Required work
Once the line containing "[0:00.0-0:12.0]" is located, give it again exactly, together with each line that follows it to the end of the entries, and add nothing else.

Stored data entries
========================================
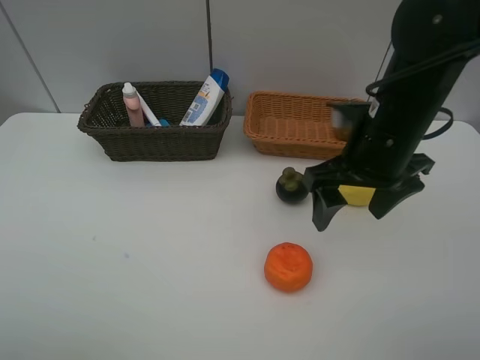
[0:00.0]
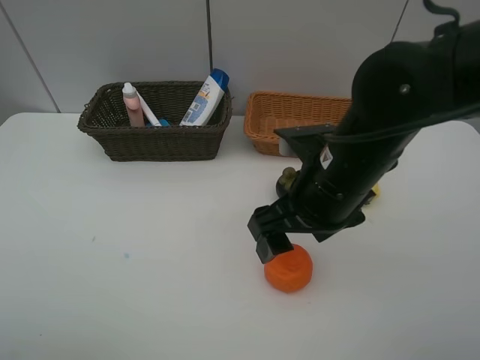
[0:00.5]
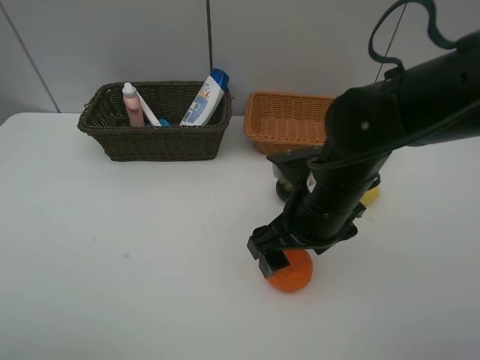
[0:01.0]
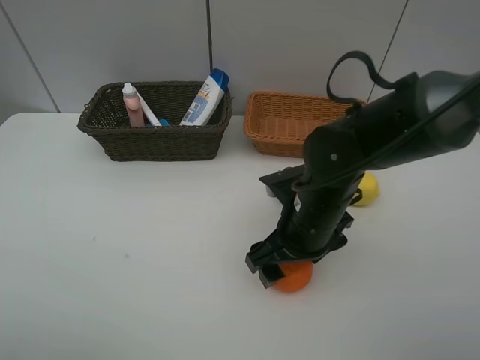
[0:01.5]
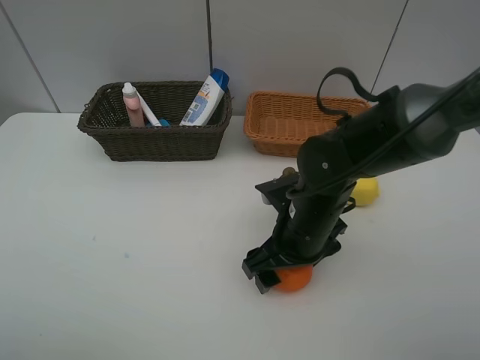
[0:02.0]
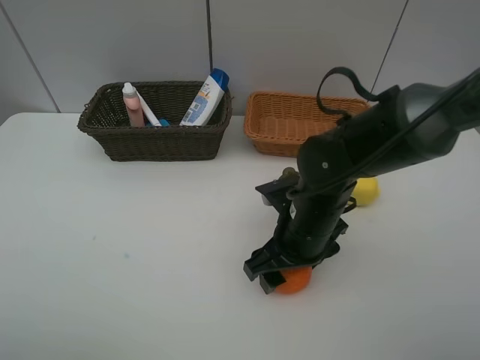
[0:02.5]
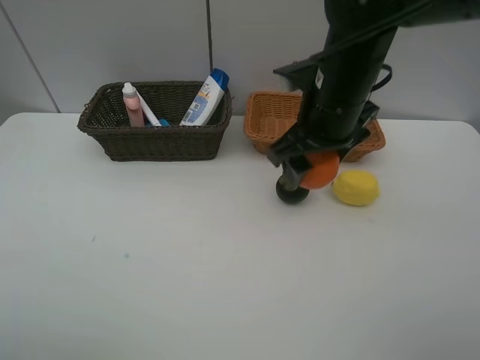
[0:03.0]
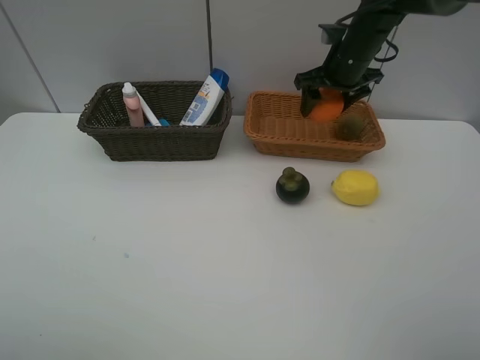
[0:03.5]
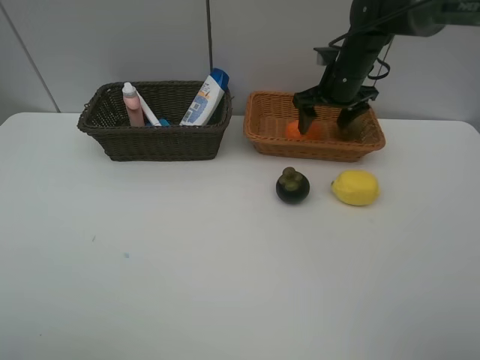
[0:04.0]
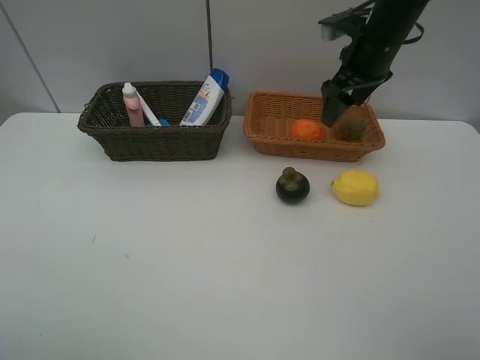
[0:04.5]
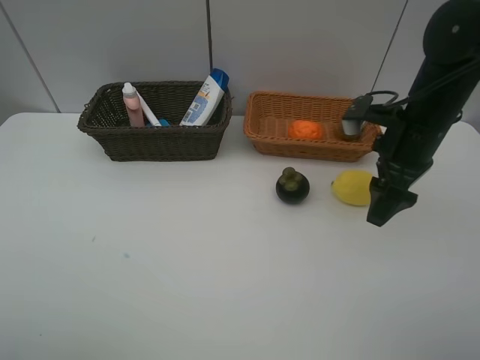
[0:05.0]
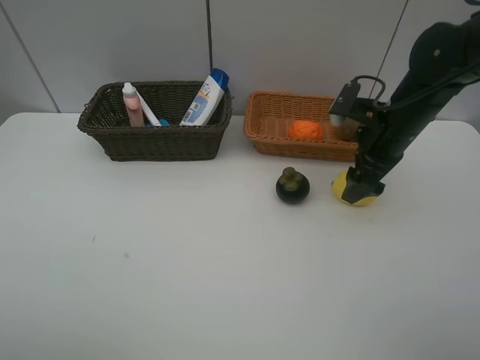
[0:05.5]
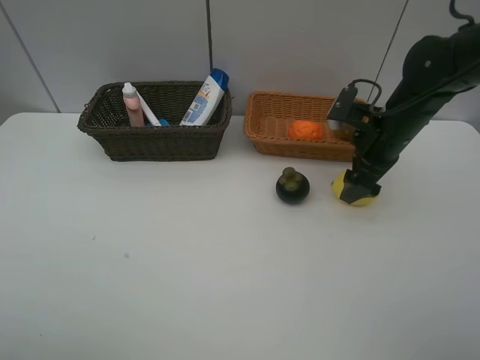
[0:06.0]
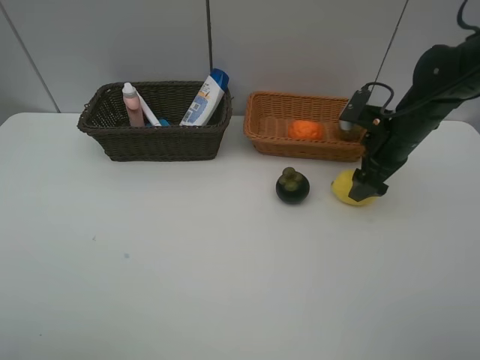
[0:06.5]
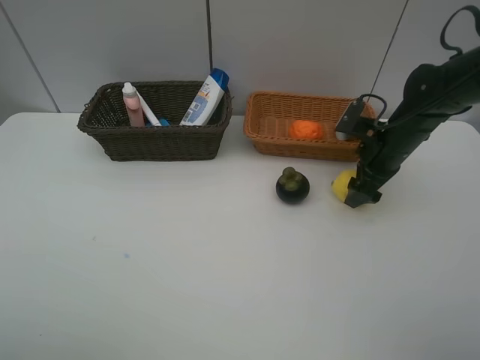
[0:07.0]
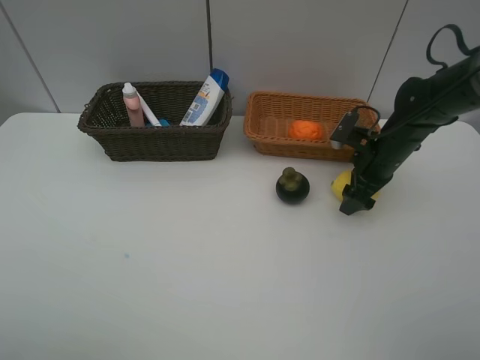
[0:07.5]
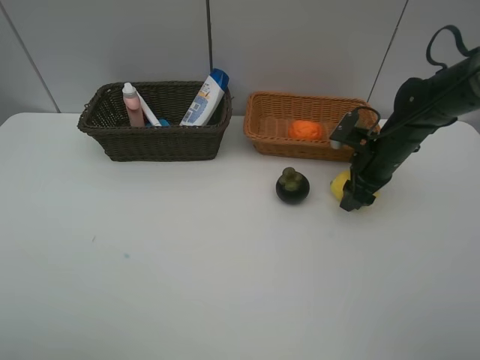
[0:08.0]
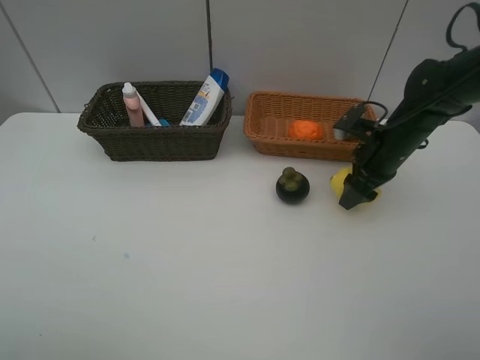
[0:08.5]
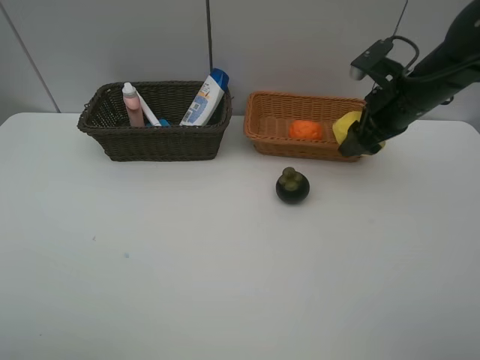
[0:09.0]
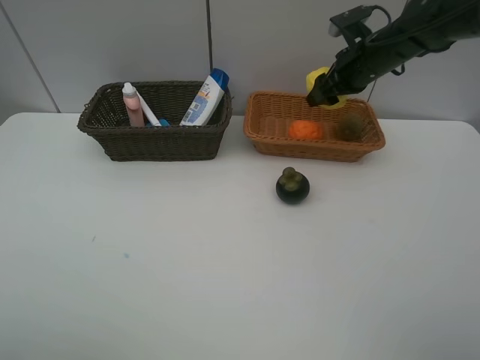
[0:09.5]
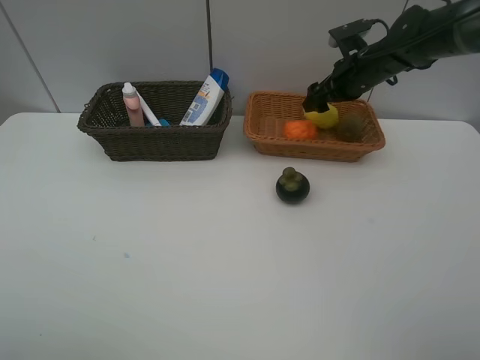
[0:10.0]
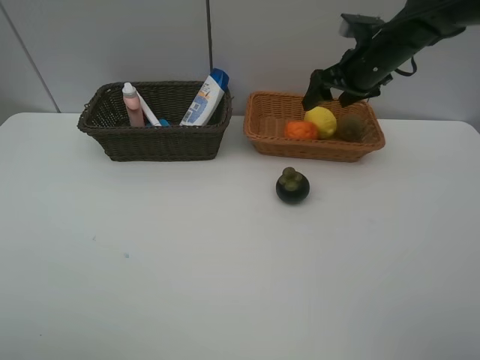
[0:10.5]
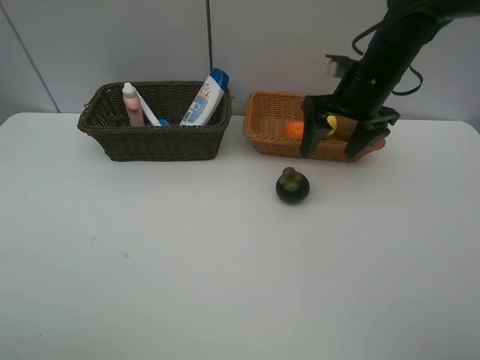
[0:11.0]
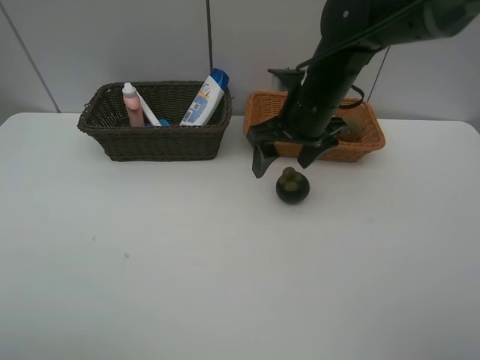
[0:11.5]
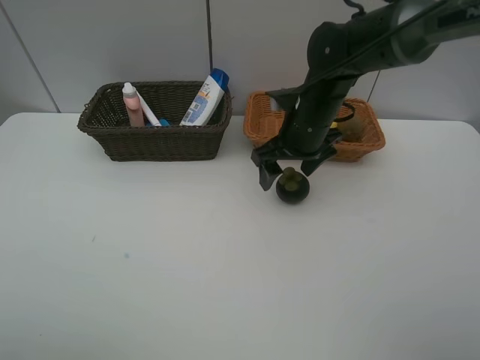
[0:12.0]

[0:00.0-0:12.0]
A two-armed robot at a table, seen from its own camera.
Task of the whole recording: Place multiple objects separately in different baskets.
Step, 0:00.0 to 0:02.5: Pick up the orange with right gripper.
Step, 0:03.0 to 0:04.0: Place the orange in the light basket with right gripper.
Step, 0:04.5 to 0:08.5: Pick up the lemon with right gripper.
Step, 0:09.0 to 0:10.0: Place the lemon in the light basket with right gripper.
0:00.0 to 0:02.0: The right gripper travels downward and to the left by roughly 15 cm.
0:02.0 to 0:04.0: The right gripper goes about 25 cm forward.
0:04.0 to 0:06.0: The right gripper travels backward by roughly 15 cm.
0:06.0 to 0:08.0: The right gripper travels downward by some 5 cm, and closes its fingers.
0:08.0 to 0:10.0: The right gripper goes some 15 cm forward and upward, and opens.
0:10.0 to 0:12.0: The right gripper heads backward and to the left, covering some 15 cm.
========================================
Response
[0:00.0-0:12.0]
A two-armed robot at a table, seen from its own camera.
Task of the whole recording: Place multiple objects separately in different baskets.
Step, 0:00.0 to 0:02.5: Pick up the orange with right gripper.
Step, 0:03.0 to 0:04.0: Place the orange in the light basket with right gripper.
Step, 0:04.5 to 0:08.5: Pick up the lemon with right gripper.
Step, 0:09.0 to 0:10.0: Place the lemon in the light basket with right gripper.
0:00.0 to 0:02.0: The right gripper travels downward and to the left by roughly 15 cm.
0:02.0 to 0:04.0: The right gripper goes about 25 cm forward.
0:04.0 to 0:06.0: The right gripper travels backward by roughly 15 cm.
0:06.0 to 0:08.0: The right gripper travels downward by some 5 cm, and closes its fingers.
0:08.0 to 0:10.0: The right gripper goes some 15 cm forward and upward, and opens.
0:10.0 to 0:12.0: The right gripper heads backward and to the left, covering some 15 cm.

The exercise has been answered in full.